• Task to complete
Your answer should be every line with the word "there", copied from the data below.

• Data listing

___

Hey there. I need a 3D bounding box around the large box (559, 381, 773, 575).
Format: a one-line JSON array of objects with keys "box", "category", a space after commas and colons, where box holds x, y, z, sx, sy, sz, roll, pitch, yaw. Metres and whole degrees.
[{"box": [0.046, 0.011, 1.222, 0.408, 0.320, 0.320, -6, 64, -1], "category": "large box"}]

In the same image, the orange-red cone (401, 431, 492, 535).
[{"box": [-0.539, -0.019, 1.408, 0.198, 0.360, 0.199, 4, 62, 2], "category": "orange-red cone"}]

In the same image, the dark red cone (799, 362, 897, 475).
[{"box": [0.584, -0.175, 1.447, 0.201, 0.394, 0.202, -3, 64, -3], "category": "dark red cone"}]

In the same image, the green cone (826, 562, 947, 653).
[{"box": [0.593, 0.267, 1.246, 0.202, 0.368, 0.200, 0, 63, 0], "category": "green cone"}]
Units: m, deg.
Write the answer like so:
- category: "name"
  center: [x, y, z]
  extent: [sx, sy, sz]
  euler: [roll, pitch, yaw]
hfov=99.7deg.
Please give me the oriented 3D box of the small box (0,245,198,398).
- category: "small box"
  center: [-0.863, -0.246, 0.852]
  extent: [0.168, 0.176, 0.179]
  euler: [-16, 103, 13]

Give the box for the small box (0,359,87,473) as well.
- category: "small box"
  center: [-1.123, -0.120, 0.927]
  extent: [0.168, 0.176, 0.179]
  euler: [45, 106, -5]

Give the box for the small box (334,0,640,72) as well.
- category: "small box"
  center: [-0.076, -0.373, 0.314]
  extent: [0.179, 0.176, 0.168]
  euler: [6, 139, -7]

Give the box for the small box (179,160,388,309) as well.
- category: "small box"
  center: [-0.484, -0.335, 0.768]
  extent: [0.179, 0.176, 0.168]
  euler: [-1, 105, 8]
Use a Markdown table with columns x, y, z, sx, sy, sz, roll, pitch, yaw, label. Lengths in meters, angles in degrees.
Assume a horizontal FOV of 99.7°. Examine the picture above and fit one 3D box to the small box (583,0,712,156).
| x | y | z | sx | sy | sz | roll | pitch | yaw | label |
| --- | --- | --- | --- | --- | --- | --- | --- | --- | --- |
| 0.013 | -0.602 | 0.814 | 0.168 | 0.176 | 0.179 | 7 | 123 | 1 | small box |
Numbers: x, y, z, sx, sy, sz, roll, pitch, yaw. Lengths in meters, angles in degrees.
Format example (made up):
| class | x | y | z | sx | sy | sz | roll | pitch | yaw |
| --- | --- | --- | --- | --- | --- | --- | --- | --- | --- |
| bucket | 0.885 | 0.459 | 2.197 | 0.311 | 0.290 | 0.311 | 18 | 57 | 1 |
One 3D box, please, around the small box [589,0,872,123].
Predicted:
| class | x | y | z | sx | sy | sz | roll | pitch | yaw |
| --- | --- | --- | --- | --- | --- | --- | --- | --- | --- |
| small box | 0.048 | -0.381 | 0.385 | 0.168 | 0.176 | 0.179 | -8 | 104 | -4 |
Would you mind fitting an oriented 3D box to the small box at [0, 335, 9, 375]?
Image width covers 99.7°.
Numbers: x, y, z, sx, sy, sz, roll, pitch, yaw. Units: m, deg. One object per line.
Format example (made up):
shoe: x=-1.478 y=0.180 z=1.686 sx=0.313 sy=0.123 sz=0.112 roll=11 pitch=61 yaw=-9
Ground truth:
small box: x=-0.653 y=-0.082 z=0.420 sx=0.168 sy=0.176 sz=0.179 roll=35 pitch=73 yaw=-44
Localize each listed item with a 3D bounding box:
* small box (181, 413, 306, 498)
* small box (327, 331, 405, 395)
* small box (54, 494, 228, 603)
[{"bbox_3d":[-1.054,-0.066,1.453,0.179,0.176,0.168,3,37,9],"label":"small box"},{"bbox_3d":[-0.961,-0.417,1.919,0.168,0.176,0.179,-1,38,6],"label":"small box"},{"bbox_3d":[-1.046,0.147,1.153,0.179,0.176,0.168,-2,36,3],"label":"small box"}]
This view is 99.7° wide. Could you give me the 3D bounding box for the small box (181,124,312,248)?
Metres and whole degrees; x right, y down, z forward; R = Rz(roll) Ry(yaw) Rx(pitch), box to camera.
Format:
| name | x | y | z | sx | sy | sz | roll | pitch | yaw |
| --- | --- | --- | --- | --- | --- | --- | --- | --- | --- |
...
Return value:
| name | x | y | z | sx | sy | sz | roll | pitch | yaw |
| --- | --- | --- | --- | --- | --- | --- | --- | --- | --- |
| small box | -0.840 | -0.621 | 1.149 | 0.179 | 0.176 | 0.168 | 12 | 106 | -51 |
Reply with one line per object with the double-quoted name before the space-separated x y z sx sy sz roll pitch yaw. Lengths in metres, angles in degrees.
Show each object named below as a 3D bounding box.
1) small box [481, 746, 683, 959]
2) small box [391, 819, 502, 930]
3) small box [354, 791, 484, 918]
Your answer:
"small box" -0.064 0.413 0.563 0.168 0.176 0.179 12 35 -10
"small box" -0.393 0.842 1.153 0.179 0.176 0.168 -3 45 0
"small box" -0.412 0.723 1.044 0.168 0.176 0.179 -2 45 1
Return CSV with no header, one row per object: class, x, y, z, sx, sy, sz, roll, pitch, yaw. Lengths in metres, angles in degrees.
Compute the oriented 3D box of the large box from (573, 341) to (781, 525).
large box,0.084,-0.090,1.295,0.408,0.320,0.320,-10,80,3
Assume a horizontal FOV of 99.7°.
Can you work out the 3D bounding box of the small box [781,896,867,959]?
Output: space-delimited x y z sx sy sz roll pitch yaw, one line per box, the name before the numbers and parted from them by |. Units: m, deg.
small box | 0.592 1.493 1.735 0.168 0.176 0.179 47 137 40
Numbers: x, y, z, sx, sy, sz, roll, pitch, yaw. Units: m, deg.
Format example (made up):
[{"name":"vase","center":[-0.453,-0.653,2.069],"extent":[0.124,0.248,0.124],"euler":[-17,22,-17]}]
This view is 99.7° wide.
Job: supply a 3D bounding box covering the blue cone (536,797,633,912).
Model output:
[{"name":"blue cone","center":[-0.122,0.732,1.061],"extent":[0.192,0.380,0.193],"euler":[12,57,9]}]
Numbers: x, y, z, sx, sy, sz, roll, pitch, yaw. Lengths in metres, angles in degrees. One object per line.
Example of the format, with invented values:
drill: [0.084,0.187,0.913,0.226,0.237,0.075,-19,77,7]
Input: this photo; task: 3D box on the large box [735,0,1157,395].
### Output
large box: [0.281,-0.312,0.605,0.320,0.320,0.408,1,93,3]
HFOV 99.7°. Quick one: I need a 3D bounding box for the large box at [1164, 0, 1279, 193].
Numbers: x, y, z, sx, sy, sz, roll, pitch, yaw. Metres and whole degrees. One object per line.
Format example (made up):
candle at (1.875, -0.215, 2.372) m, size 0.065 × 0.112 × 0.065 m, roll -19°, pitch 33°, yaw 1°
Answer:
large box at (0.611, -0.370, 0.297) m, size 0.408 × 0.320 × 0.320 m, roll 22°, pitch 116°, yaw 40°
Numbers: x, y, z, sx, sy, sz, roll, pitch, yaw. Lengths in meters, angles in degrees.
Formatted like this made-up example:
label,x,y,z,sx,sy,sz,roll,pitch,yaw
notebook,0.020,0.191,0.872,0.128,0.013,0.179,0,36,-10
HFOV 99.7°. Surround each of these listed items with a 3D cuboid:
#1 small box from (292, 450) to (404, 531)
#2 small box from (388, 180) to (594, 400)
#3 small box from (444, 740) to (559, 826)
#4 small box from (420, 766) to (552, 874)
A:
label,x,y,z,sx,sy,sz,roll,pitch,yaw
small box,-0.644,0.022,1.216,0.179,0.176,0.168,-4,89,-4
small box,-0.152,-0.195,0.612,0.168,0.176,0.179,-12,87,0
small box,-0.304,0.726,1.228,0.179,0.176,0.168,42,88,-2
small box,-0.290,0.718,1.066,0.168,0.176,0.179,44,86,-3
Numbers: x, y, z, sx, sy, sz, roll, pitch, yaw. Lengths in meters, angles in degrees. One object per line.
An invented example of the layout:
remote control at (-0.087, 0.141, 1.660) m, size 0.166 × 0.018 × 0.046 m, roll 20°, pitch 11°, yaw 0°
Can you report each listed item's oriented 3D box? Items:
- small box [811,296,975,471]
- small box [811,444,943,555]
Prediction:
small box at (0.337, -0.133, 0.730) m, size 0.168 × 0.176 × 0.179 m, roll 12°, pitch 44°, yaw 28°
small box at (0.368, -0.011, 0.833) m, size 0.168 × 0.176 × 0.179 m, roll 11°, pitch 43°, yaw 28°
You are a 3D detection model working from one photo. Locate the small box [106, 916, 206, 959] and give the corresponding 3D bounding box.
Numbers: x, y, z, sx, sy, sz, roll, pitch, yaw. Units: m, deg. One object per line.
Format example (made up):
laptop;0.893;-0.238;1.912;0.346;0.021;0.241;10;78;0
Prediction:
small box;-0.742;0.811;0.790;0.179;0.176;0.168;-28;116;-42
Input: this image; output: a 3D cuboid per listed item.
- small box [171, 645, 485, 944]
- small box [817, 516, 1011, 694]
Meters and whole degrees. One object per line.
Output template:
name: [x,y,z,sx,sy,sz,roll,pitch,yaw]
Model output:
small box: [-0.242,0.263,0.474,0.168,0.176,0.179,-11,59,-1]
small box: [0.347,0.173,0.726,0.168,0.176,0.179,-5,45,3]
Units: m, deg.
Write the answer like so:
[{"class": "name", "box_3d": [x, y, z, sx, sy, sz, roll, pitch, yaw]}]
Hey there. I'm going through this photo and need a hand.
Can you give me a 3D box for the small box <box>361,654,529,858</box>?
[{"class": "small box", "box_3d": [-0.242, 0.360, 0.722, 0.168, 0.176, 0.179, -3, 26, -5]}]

___

• Answer to this task
Hey there. I need a 3D bounding box around the large box (559, 381, 773, 575).
Hey there. I'm going through this photo and need a hand.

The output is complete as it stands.